Лена представила себя снежинкой — чистой, белой, воздушной, летящей. Полет — вот что она чувствовала, когда бежала в свою кондитерскую. Кофейного цвета окна-витрины сейчас еще были тусклыми: только новогодняя гирлянда по контуру лежала звездной дорожкой. Облепленные снегом стекла казались щедро обсыпанными сахарной пудрой. Черная ручка на двери — лакричный леденец… Ее кондитерская — ее пряничный домик. Как и положено, со всеми сладкими чудесами из детских сказок. Все, о чем мечтала «Семенова-обжора» в детстве. Там даже своя Баба-Яга была — заведующая. Она «чахла над златом» после каждой смены и зыркала на приходящих детей так, словно готова была съесть их прямо сейчас, не дожидаясь, пока они растолстеют на ее сладостях.
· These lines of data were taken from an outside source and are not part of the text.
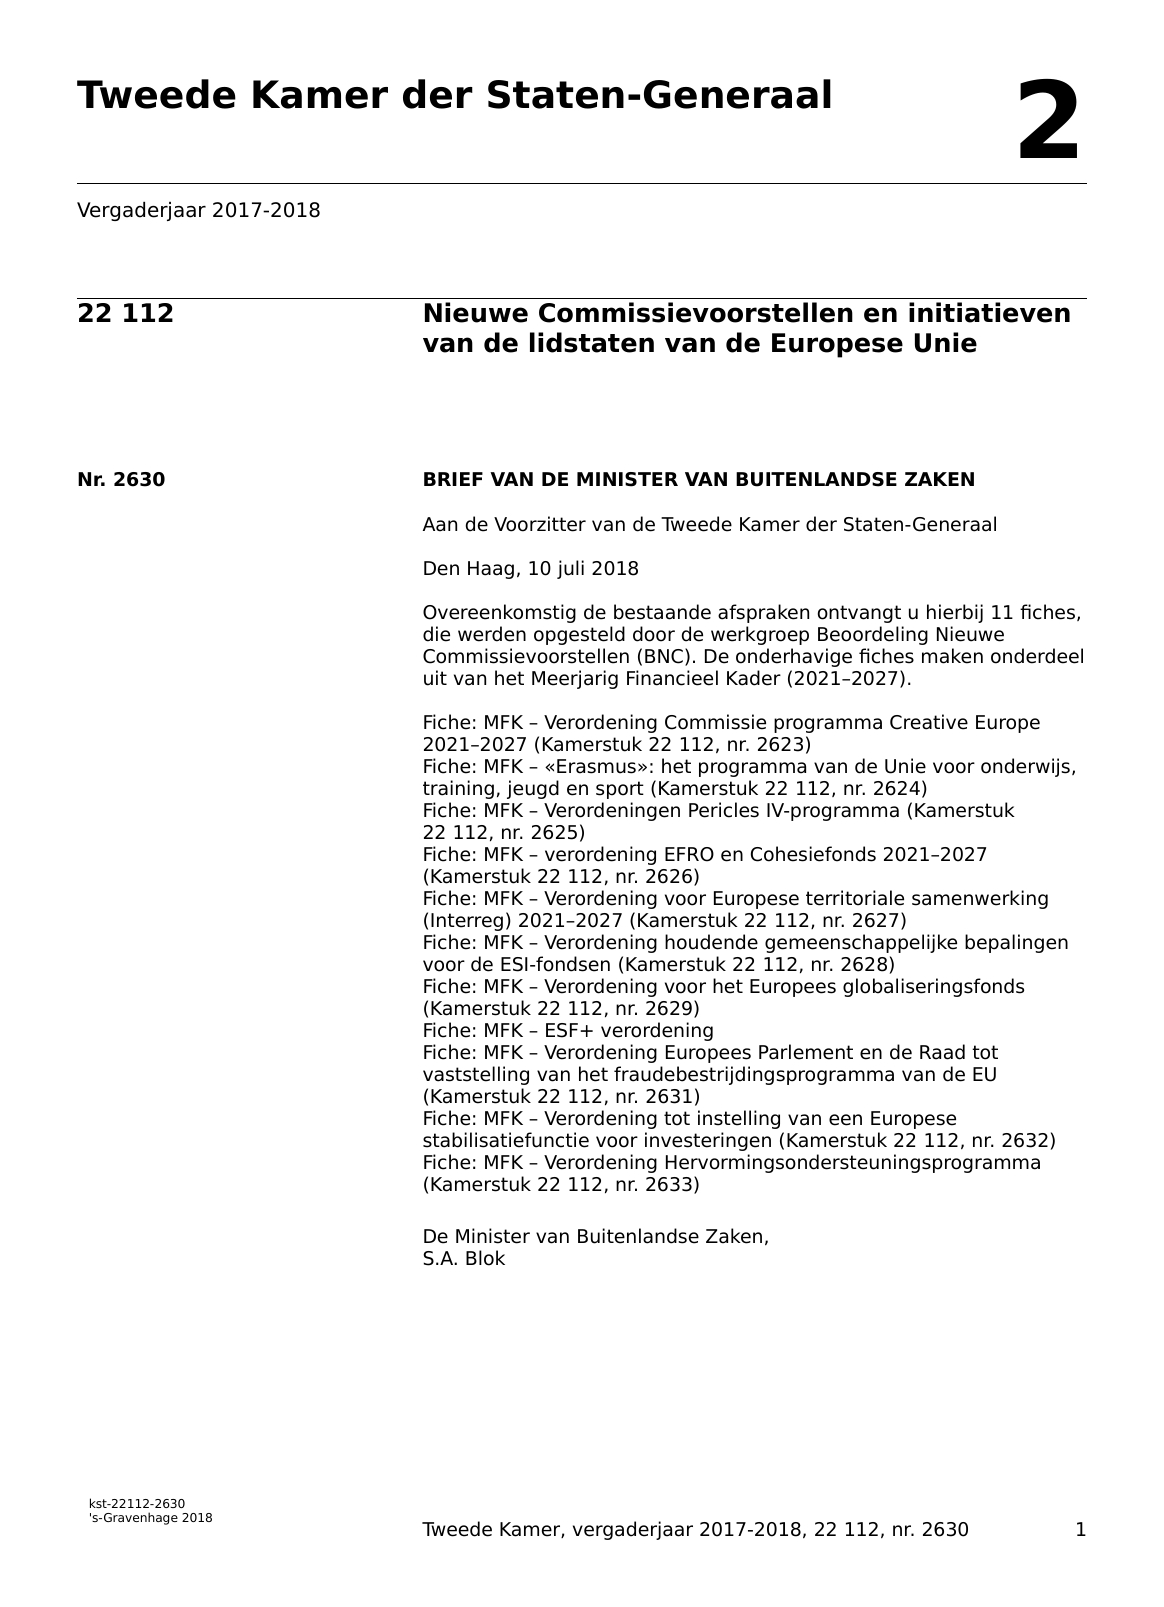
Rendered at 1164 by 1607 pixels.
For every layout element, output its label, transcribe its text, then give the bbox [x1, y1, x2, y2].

text Fiche: MFK – Verordening voor Europese territoriale samenwerking (Interreg) 2021–2027 (Kamerstuk 22 112, nr. 2627) [422, 888, 1087, 932]
text Fiche: MFK – Verordening voor het Europees globaliseringsfonds (Kamerstuk 22 112, nr. 2629) [422, 976, 1087, 1020]
text Fiche: MFK – Verordening Commissie programma Creative Europe 2021–2027 (Kamerstuk 22 112, nr. 2623) [422, 712, 1087, 756]
text Fiche: MFK – Verordening Hervormingsondersteuningsprogramma [422, 1152, 1087, 1173]
table_cell Vergaderjaar 2017-2018 [77, 184, 1087, 298]
text Overeenkomstig de bestaande afspraken ontvangt u hierbij 11 fiches, die werden opgesteld door de werkgroep Beoordeling Nieuwe Commissievoorstellen (BNC). De onderhavige fiches maken onderdeel uit van het Meerjarig Financieel Kader (2021–2027). [422, 602, 1087, 690]
text Fiche: MFK – Verordening Europees Parlement en de Raad tot vaststelling van het fraudebestrijdingsprogramma van de EU (Kamerstuk 22 112, nr. 2631) [422, 1042, 1087, 1108]
text Fiche: MFK – «Erasmus»: het programma van de Unie voor onderwijs, training, jeugd en sport (Kamerstuk 22 112, nr. 2624) [422, 756, 1087, 800]
text Den Haag, 10 juli 2018 [422, 558, 1087, 580]
table_header 2 [886, 59, 1087, 183]
text Fiche: MFK – verordening EFRO en Cohesiefonds 2021–2027 (Kamerstuk 22 112, nr. 2626) [422, 844, 1087, 888]
text Fiche: MFK – Verordening tot instelling van een Europese stabilisatiefunctie voor investeringen (Kamerstuk 22 112, nr. 2632) [422, 1108, 1087, 1152]
text kst-22112-2630 [88, 1497, 323, 1511]
text (Kamerstuk 22 112, nr. 2633) [422, 1173, 1087, 1196]
text Aan de Voorzitter van de Tweede Kamer der Staten-Generaal [422, 513, 1087, 536]
text Fiche: MFK – Verordeningen Pericles IV-programma (Kamerstuk 22 112, nr. 2625) [422, 800, 1087, 844]
subtitle 22 112 Nieuwe Commissievoorstellen en initiatieven van de lidstaten van de Europese Unie [77, 299, 1087, 358]
subtitle Nr. 2630 BRIEF VAN DE MINISTER VAN BUITENLANDSE ZAKEN [77, 469, 1087, 491]
table_header Tweede Kamer der Staten-Generaal [77, 59, 886, 183]
text Fiche: MFK – Verordening houdende gemeenschappelijke bepalingen voor de ESI-fondsen (Kamerstuk 22 112, nr. 2628) [422, 932, 1087, 976]
text 's-Gravenhage 2018 [88, 1511, 323, 1525]
text Fiche: MFK – ESF+ verordening [422, 1020, 1087, 1042]
text De Minister van Buitenlandse Zaken, S.A. Blok [422, 1226, 1087, 1269]
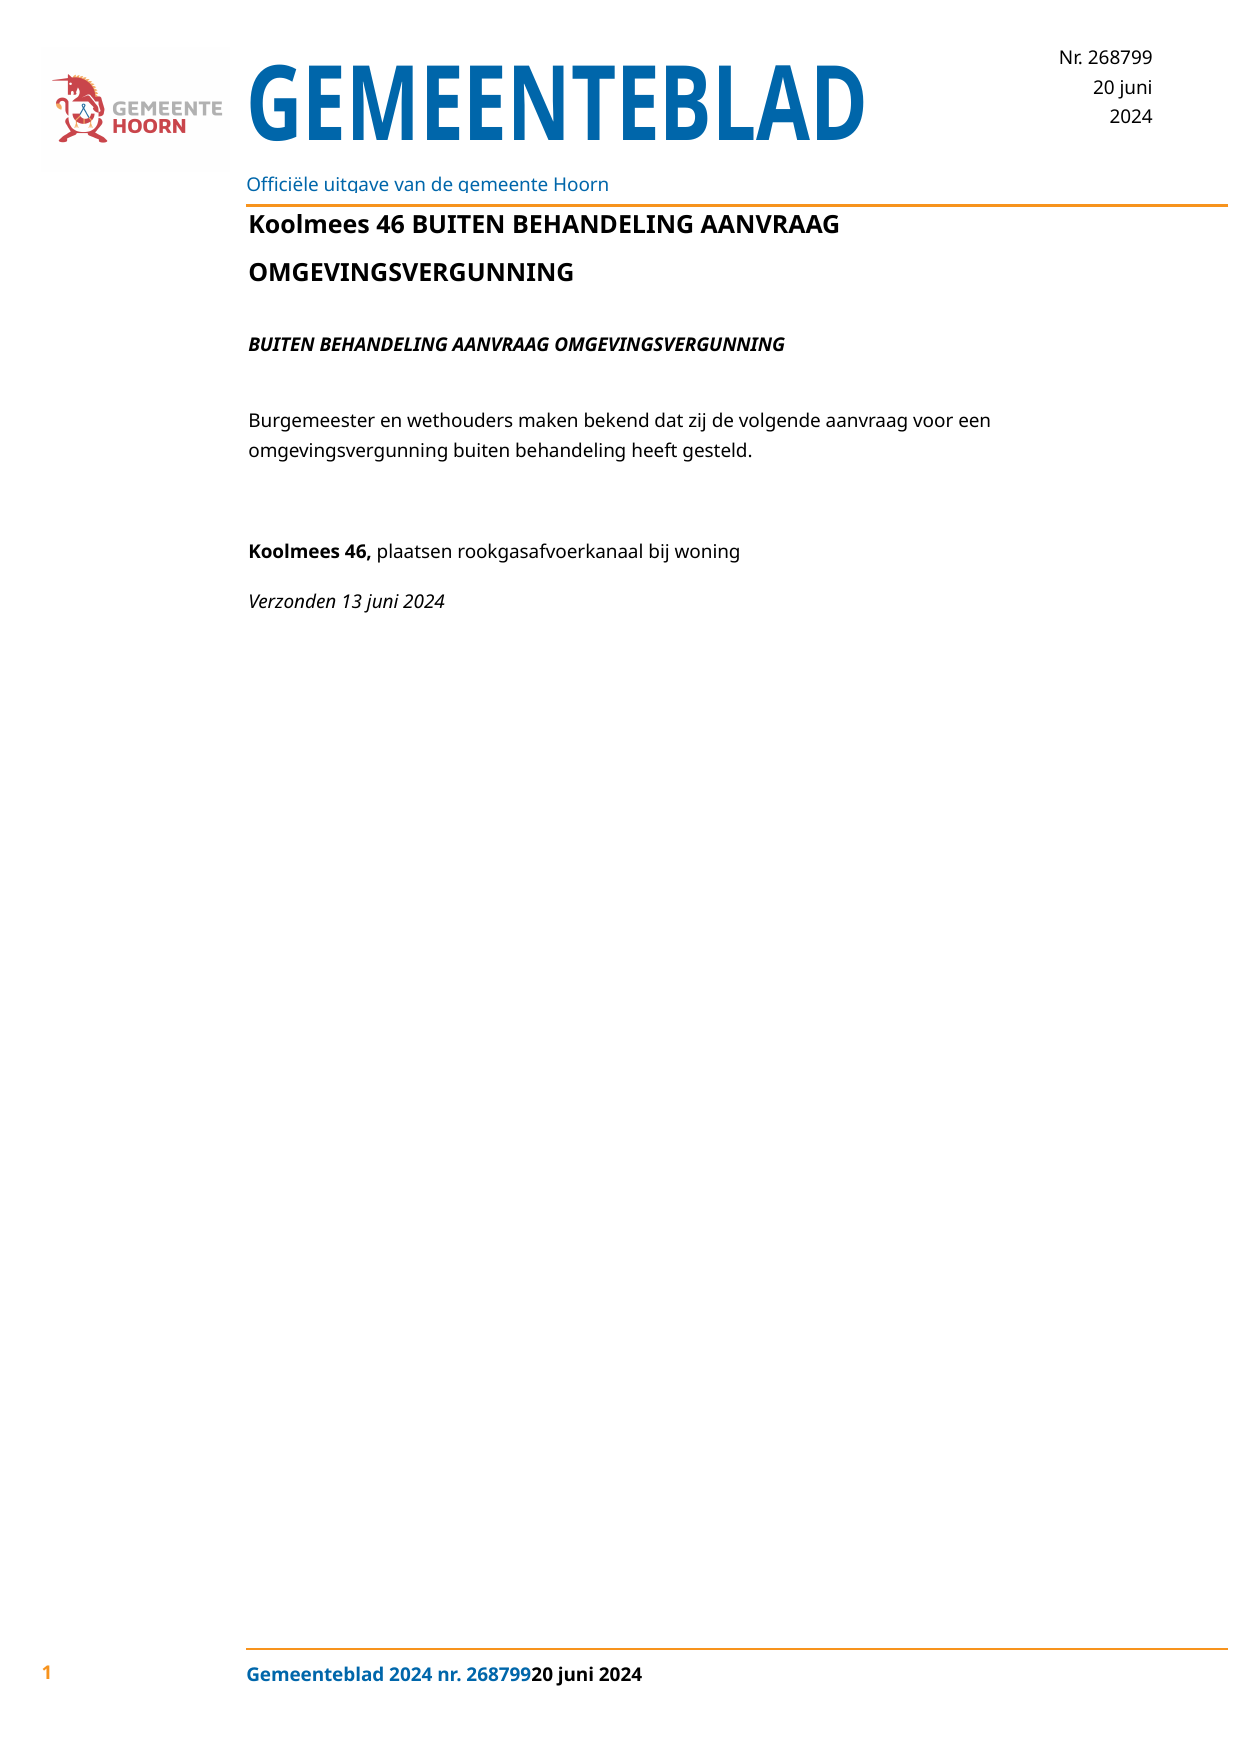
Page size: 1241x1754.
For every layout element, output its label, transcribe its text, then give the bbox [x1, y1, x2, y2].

picture [41, 47, 231, 172]
text Koolmees 46, plaatsen rookgasafvoerkanaal bij woning [248, 538, 1152, 564]
text Koolmees 46 BUITEN BEHANDELING AANVRAAG OMGEVINGSVERGUNNING [248, 207, 1152, 288]
text Verzonden 13 juni 2024 [248, 588, 1152, 614]
text Burgemeester en wethouders maken bekend dat zij de volgende aanvraag voor een omgevingsvergunning buiten behandeling heeft gesteld. [248, 408, 1152, 463]
text BUITEN BEHANDELING AANVRAAG OMGEVINGSVERGUNNING [248, 331, 1152, 357]
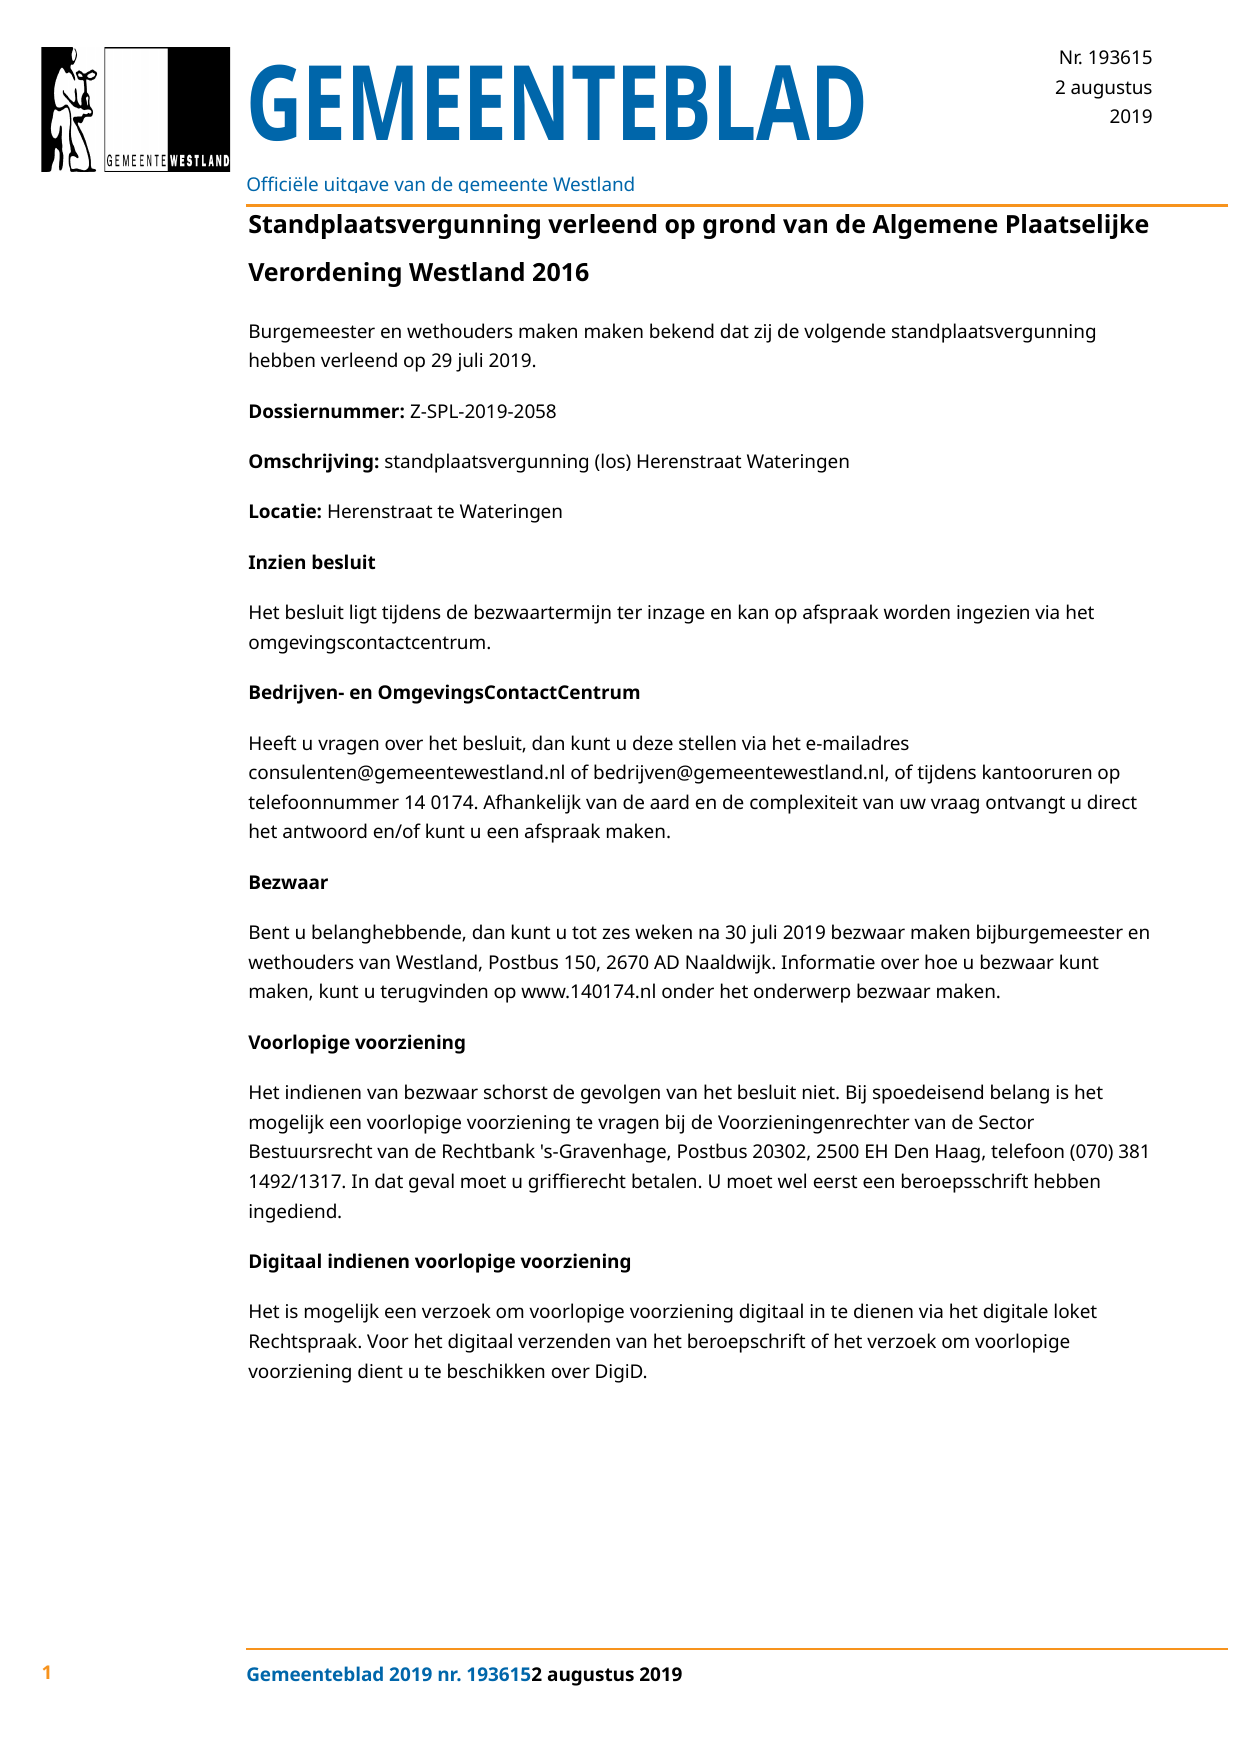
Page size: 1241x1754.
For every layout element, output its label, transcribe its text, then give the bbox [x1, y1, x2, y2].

text Het besluit ligt tijdens de bezwaartermijn ter inzage en kan op afspraak worden ingezien via het omgevingscontactcentrum. [248, 599, 1152, 655]
text Burgemeester en wethouders maken maken bekend dat zij de volgende standplaatsvergunning hebben verleend op 29 juli 2019. [248, 318, 1152, 373]
text Bezwaar [248, 869, 1152, 895]
picture [41, 47, 231, 172]
text Omschrijving: standplaatsvergunning (los) Herenstraat Wateringen [248, 448, 1152, 474]
text Inzien besluit [248, 549, 1152, 575]
text Dossiernummer: Z-SPL-2019-2058 [248, 398, 1152, 424]
text Heeft u vragen over het besluit, dan kunt u deze stellen via het e-mailadres consulenten@gemeentewestland.nl of bedrijven@gemeentewestland.nl, of tijdens kantooruren op telefoonnummer 14 0174. Afhankelijk van de aard en de complexiteit van uw vraag ontvangt u direct het antwoord en/of kunt u een afspraak maken. [248, 730, 1152, 844]
text Voorlopige voorziening [248, 1029, 1152, 1055]
text Locatie: Herenstraat te Wateringen [248, 499, 1152, 524]
text Digitaal indienen voorlopige voorziening [248, 1248, 1152, 1274]
text Bedrijven- en OmgevingsContactCentrum [248, 679, 1152, 705]
text Het indienen van bezwaar schorst de gevolgen van het besluit niet. Bij spoedeisend belang is het mogelijk een voorlopige voorziening te vragen bij de Voorzieningenrechter van de Sector Bestuursrecht van de Rechtbank 's-Gravenhage, Postbus 20302, 2500 EH Den Haag, telefoon (070) 381 1492/1317. In dat geval moet u griffierecht betalen. U moet wel eerst een beroepsschrift hebben ingediend. [248, 1079, 1152, 1224]
text Het is mogelijk een verzoek om voorlopige voorziening digitaal in te dienen via het digitale loket Rechtspraak. Voor het digitaal verzenden van het beroepschrift of het verzoek om voorlopige voorziening dient u te beschikken over DigiD. [248, 1299, 1152, 1384]
text Standplaatsvergunning verleend op grond van de Algemene Plaatselijke Verordening Westland 2016 [248, 207, 1152, 288]
text Bent u belanghebbende, dan kunt u tot zes weken na 30 juli 2019 bezwaar maken bijburgemeester en wethouders van Westland, Postbus 150, 2670 AD Naaldwijk. Informatie over hoe u bezwaar kunt maken, kunt u terugvinden op www.140174.nl onder het onderwerp bezwaar maken. [248, 919, 1152, 1004]

Разница только в том, что теперь в этой сказке Семенова смотрела на сахарные чудеса с другой стороны витрины. Она работала в кондитерской. В той самой, в которую их водили еще в школе. Ничего особенного? А чем не воплощенная мечта?!
— Привет, малышка! Ты испортила мне утро. — Снежинка рухнула в серую слякоть. У перехода стоял Сашка. Бордовым пятном своей куртки он прорезал снежный воздух. «Ты мне тоже», — хотела ответить Леночка. Но опустила глаза.
— Привет, Саша, — захлюпала бывшая снежинка. Голос ее стал серым, как химическая слякоть на тротуаре.
— Я не подвез вчера. Ты так быстро убежала, а мне нужно было закончить дела. Я хотел выспаться, но твой звонок меня перепугал. Я же не справлюсь без своей рыжей «зажигалки», ты самая успешная официантка в этом месяце в моем клубе. — Снежинки таяли от этого хорошо поставленного баритона. Снежинка Лена тоже едва держалась. — И самая моя любимая. — Ее физически тянуло к нему. — «Три «я» в первой же реплике», — вдруг заметила она про себя. А вслух сказала:
— Я упала вчера, было скользко. Заработала синяк. Буду выглядеть некрасиво. Не хочу тебя подводить. — Она попыталась спастись словами, не поднимая глаз. «Оправдываюсь, как школьница в японском мультике».
Снег пошел гуще. Сашку стало хуже видно.
— Мне кажется, что ты просто меня морочишь…
Лене в этот момент захотелось, чтоб снежинки превратились в камни. Чтоб завалили его или ее. Чтоб выросла стена между ними. Чтоб…
— Я выписал тебе премию, и твоя сотня в моем кармане. Хочу вручить тебе ее лично сегодня вечером, у меня. Извинения не принимаются. — Он сделал еще один шаг к ней. Она подняла глаза. За его спиной падающий снег превратился в плотную белую стену, отрезая путь к теплеющей кондитерской. А сам Сашка стоял на мокром асфальте, попирая разгваз-данную жижу бывшего снега. Его шузам было все равно, на чем стоять. Снежинки, что падали у его ног, серели и исчезали в луже. «Грязь засасывает», — подумала Леночка, глядя на их трагический финал. Но ей на секунду показалось, что за спиной у парня снег плотнее, чем везде.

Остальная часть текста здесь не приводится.